**Instructions for the task**
Copy each line below in which the word "АРТИКУЛ" occurs.

**Material supplied**
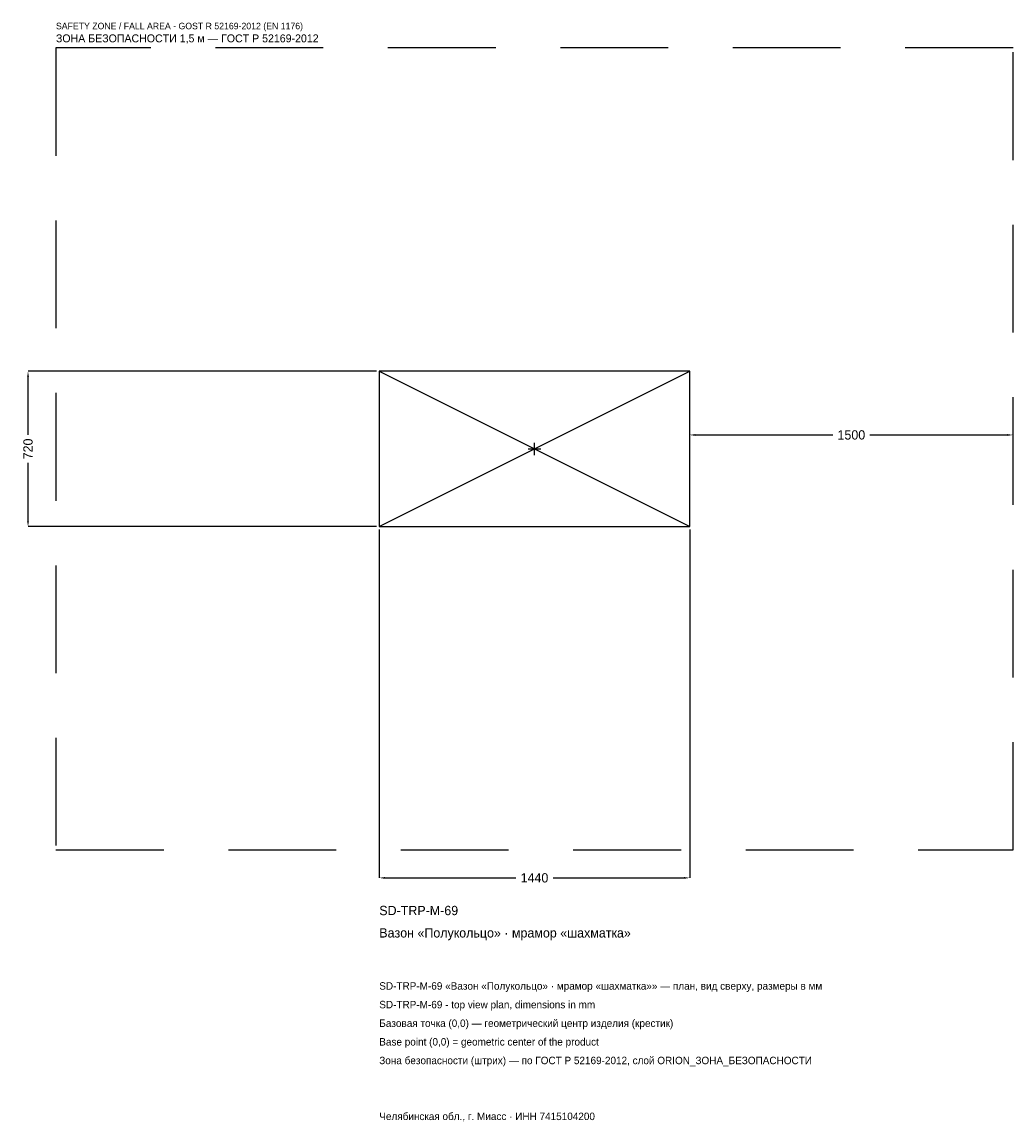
# Model space of a CAD drawing. Header units: metres. Extents: x -2378 to 2220, y -3122 to 1980.
import ezdxf

# ---------------------------------------------------------------- set-up
doc = ezdxf.new("R2010")
doc.units = ezdxf.units.M
doc.linetypes.add('DASHED', pattern=[800, 500, -300])
for name, color, linetype in [('ЗСК_ДАННЫЕ', 3, 'Continuous'), ('ЗСК_ЗОНА_БЕЗОПАСНОСТИ', 1, 'Continuous'), ('ЗСК_КОНТУР', 7, 'Continuous'), ('ЗСК_РАЗМЕРЫ', 8, 'Continuous')]:
    doc.layers.add(name, color=color, linetype=linetype)
doc.dimstyles.new('ORION', dxfattribs={"dimtxt": 43.2, "dimasz": 25.92, "dimexe": 1.25, "dimexo": 12.96, "dimtad": 1, "dimdec": 0, "dimcen": 2.5, "dimazin": 3, "dimtfac": 1, "dimtmove": 0, "dimatfit": 3})

# ---------------------------------------------------------------- blocks, each defined once
blk = doc.blocks.new('_CLOSEDFILLED')
at = {"color": 0, "linetype": 'BYBLOCK'}
blk.add_solid([(-1, 0.16), (0, 0), (-1, -0.16)], dxfattribs=at)
blk = doc.blocks.new('*D1')
for p, q in [((-720, -372.96), (-720, -1989.6)), ((720, -372.96), (720, -1989.6)), ((-694.08, -1989.6), (-86.4, -1989.6)), ((86.4, -1989.6), (694.08, -1989.6))]:
    blk.add_line(p, q)
at = {"layer": 'Defpoints'}
for p in [(-720, -360), (720, -360), (-720, -1989.6)]:
    blk.add_point(p, dxfattribs=at)
at = {"layer": 'ЗСК_РАЗМЕРЫ', "xscale": 25.919999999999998, "yscale": 25.919999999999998, "rotation": 180}
blk.add_blockref('_CLOSEDFILLED', (-720, -1989.6), dxfattribs=at)
at = {"layer": 'ЗСК_РАЗМЕРЫ', "xscale": 25.919999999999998, "yscale": 25.919999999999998}
blk.add_blockref('_CLOSEDFILLED', (720, -1989.6), dxfattribs=at)
at = {"layer": 'ЗСК_РАЗМЕРЫ', "insert": (0, -1989.6), "char_height": 43.2, "attachment_point": 5}
blk.add_mtext('1440', dxfattribs=at)
blk = doc.blocks.new('*D2')
for p, q in [((-732.96, 360), (-2349.6, 360)), ((-2349.6, 64.8), (-2349.6, 334.08)), ((-2349.6, -334.08), (-2349.6, -64.8)), ((-732.96, -360), (-2349.6, -360))]:
    blk.add_line(p, q)
at = {"layer": 'Defpoints'}
for p in [(-720, 360), (-2349.6, -360), (-720, -360)]:
    blk.add_point(p, dxfattribs=at)
at = {"layer": 'ЗСК_РАЗМЕРЫ', "xscale": 25.919999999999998, "yscale": 25.919999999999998}
for p, rotation in [((-2349.6, 360), 90), ((-2349.6, -360), 270)]:
    blk.add_blockref('_CLOSEDFILLED', p, dxfattribs=dict(at, rotation=rotation))
at = {"layer": 'ЗСК_РАЗМЕРЫ', "insert": (-2349.6, 0), "char_height": 43.2, "attachment_point": 5, "rotation": 90}
blk.add_mtext('720', dxfattribs=at)
blk = doc.blocks.new('*D3')
for p, q in [((720, 12.96), (720, 64.8)), ((745.92, 64.8), (1383.6, 64.8)), ((1556.4, 64.8), (2194.08, 64.8)), ((2220, 12.96), (2220, 64.8))]:
    blk.add_line(p, q)
at = {"layer": 'Defpoints'}
for p in [(720, 64.8), (720, 0), (2220, 0)]:
    blk.add_point(p, dxfattribs=at)
at = {"layer": 'ЗСК_РАЗМЕРЫ', "xscale": 25.919999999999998, "yscale": 25.919999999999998, "rotation": 180}
blk.add_blockref('_CLOSEDFILLED', (720, 64.8), dxfattribs=at)
at = {"layer": 'ЗСК_РАЗМЕРЫ', "xscale": 25.919999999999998, "yscale": 25.919999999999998}
blk.add_blockref('_CLOSEDFILLED', (2220, 64.8), dxfattribs=at)
at = {"layer": 'ЗСК_РАЗМЕРЫ', "insert": (1470, 64.8), "char_height": 43.2, "attachment_point": 5}
blk.add_mtext('1500', dxfattribs=at)
blk = doc.blocks.new('ОРИОН SD-TRP-M-69 Вазон Полукольцо · мрамор шахматка')
at = {"layer": 'ЗСК_ЗОНА_БЕЗОПАСНОСТИ', "linetype": 'DASHED'}
blk.add_lwpolyline([(-2220, -1860), (2220, -1860), (2220, 1860), (-2220, 1860)], close=True, dxfattribs=at)
at = {"layer": 'ЗСК_КОНТУР'}
for p, q in [((-720, -360), (720, 360)), ((-720, 360), (720, -360))]:
    blk.add_line(p, q, dxfattribs=at)
blk.add_lwpolyline([(-720, -360), (720, -360), (720, 360), (-720, 360)], close=True, dxfattribs=at)
at = {"layer": 'ЗСК_РАЗМЕРЫ'}
for p, q in [((-28.8, 0), (28.8, 0)), ((0, -28.8), (0, 28.8))]:
    blk.add_line(p, q, dxfattribs=at)
at = {"layer": 'ЗСК_ДАННЫЕ'}
for tag, p in [('АРТИКУЛ', (-720, -2162.4)), ('НАИМЕНОВАНИЕ', (-720, -2266.08))]:
    blk.add_attdef(tag, p, '', height=43.2, dxfattribs=at)
at = {"layer": 'ЗСК_ДАННЫЕ', "flags": 1}
for tag, p in [('ПРОИЗВОДИТЕЛЬ', (-720, -2369.76)), ('ТЕЛЕФОН', (-720, -2473.44)), ('САЙТ', (-720, -2680.8)), ('АДРЕС', (-720, -2784.48)), ('РЕКВИЗИТЫ', (-720, -2888.16)), ('ГАБАРИТЫ', (-720, -2991.84)), ('ЗОНА_БЕЗОПАСНОСТИ', (-720, -3095.52))]:
    blk.add_attdef(tag, p, '', height=43.2, dxfattribs=at)
at = {"layer": 'ЗСК_ЗОНА_БЕЗОПАСНОСТИ', "color": 1}
for s, height, p in [('SAFETY ZONE / FALL AREA - GOST R 52169-2012 (EN 1176)', 30.24, (-2220, 1946.4)), ('ЗОНА БЕЗОПАСНОСТИ 1,5 м — ГОСТ Р 52169-2012', 36.72, (-2220, 1885.92))]:
    blk.add_text(s, height=height, dxfattribs=at).set_placement(p)
at = {"layer": 'ЗСК_РАЗМЕРЫ'}
dim = blk.add_linear_dim(base=(-2349.6, -360), p1=(-720, -360), p2=(-720, 360), angle=90, dimstyle='ORION', dxfattribs=at)
dim.commit()
dim.dimension.update_dxf_attribs({"geometry": '*D2', "text_midpoint": (-2349.6, 0)})
for base, p1, p2, picture, middle in [((720, 64.8), (720, 0), (2220, 0), '*D3', (1470, 64.8)), ((-720, -1989.6), (-720, -360), (720, -360), '*D1', (0, -1989.6))]:
    dim = blk.add_linear_dim(base=base, p1=p1, p2=p2, dimstyle='ORION', dxfattribs=at)
    dim.commit()
    dim.dimension.update_dxf_attribs({"geometry": picture, "text_midpoint": middle})

msp = doc.modelspace()

# ---------------------------------------------------------------- block references
msp.add_blockref('ОРИОН SD-TRP-M-69 Вазон Полукольцо · мрамор шахматка', (0, 0)).add_auto_attribs({'АРТИКУЛ': 'SD-TRP-M-69', 'НАИМЕНОВАНИЕ': 'Вазон «Полукольцо» · мрамор «шахматка»'})

# ---------------------------------------------------------------- texts
at = {"layer": 'ЗСК_ДАННЫЕ', "color": 3}
for s, p in [('SD-TRP-M-69 «Вазон «Полукольцо» · мрамор «шахматка»» — план, вид сверху, размеры в мм', (-720, -2508)), ('SD-TRP-M-69 - top view plan, dimensions in mm', (-720, -2594.4)), ('Челябинская обл., г. Миасс · ИНН 7415104200', (-720, -3112.8))]:
    msp.add_text(s, height=34.56, dxfattribs=at).set_placement(p)
at = {"layer": 'ЗСК_ДАННЫЕ', "color": 7}
for s, p in [('Базовая точка (0,0) — геометрический центр изделия (крестик)', (-720, -2680.8)), ('Base point (0,0) = geometric center of the product', (-720, -2767.2))]:
    msp.add_text(s, height=34.56, dxfattribs=at).set_placement(p)
at = {"layer": 'ЗСК_ДАННЫЕ', "color": 1}
msp.add_text('Зона безопасности (штрих) — по ГОСТ Р 52169-2012, слой ORION_ЗОНА_БЕЗОПАСНОСТИ', height=34.56, dxfattribs=at).set_placement((-720, -2853.6))

doc.saveas('drawing.dxf')

**Solution for this problem**
for tag, p in [('АРТИКУЛ', (-720, -2162.4)), ('НАИМЕНОВАНИЕ', (-720, -2266.08))]:
msp.add_blockref('ОРИОН SD-TRP-M-69 Вазон Полукольцо · мрамор шахматка', (0, 0)).add_auto_attribs({'АРТИКУЛ': 'SD-TRP-M-69', 'НАИМЕНОВАНИЕ': 'Вазон «Полукольцо» · мрамор «шахматка»'})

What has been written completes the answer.